I’ve been ignoring it up to this point because the test suite still passes and it hasn’t caused any development or deployment bottlenecks, but I’d like to figure out why it’s happening and what I might be able to do to stop it.
Version details, in case it matters:
Postgres v10.19 via the postgres:10-alpine Docker image
Is there a particular strategy I can use to keep the test process alive until the Repo call completes? I’m not doing anything particularly unusual in any tests, though I think some of my on_exit teardown code might involve some database cleanup. When testing code that relies on DB triggers, I have to run the tests unsandboxed or the triggers won’t fire. So those particular tests get cleaned up manually.
Still haven’t figured it out. Other priorities have prevented me from spending much time on it. I don’t think it’s a Task. It might be a GenServer that gets started by the test setup, but I do have code to stop it in the on_exit. So for now I’m still stumped.
Just to chime in with we seem to have the exact same intermittent errors.
We discovered they were MUCH worse when running the Elixir process locally but the database in docker on M1 Macs. Working theory being that it’s because the network connection on docker for Mac is quite slow.
The error also happens a lot more along with lots of intermittent failures when running in Github CI which are fairly resource constrained instances.

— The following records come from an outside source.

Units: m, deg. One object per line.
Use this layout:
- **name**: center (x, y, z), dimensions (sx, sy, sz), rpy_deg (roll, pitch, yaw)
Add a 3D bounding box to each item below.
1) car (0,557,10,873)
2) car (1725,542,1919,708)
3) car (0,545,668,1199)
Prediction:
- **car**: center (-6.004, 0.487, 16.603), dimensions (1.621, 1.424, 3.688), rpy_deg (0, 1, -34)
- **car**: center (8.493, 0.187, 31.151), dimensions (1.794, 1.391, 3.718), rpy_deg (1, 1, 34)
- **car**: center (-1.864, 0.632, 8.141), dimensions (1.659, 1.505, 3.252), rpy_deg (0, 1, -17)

So wondering if it’s something to do with running lots of DB intensive stuff with some form of resource bottleneck. E.g. on Github actions there’s only 2 cores available for DB and parallel tests combined.
Thanks for that info, @danturner. It turns out that all the tests exhibiting this behavior had one thing in common – they all started a GenServer (using start_supervised!) that was running a periodic query in the background. I added an on_exit handler to tell the GenServer to stop its polling behavior before the test continues with its teardown, and everything’s a-ok now. Thanks for the pointer!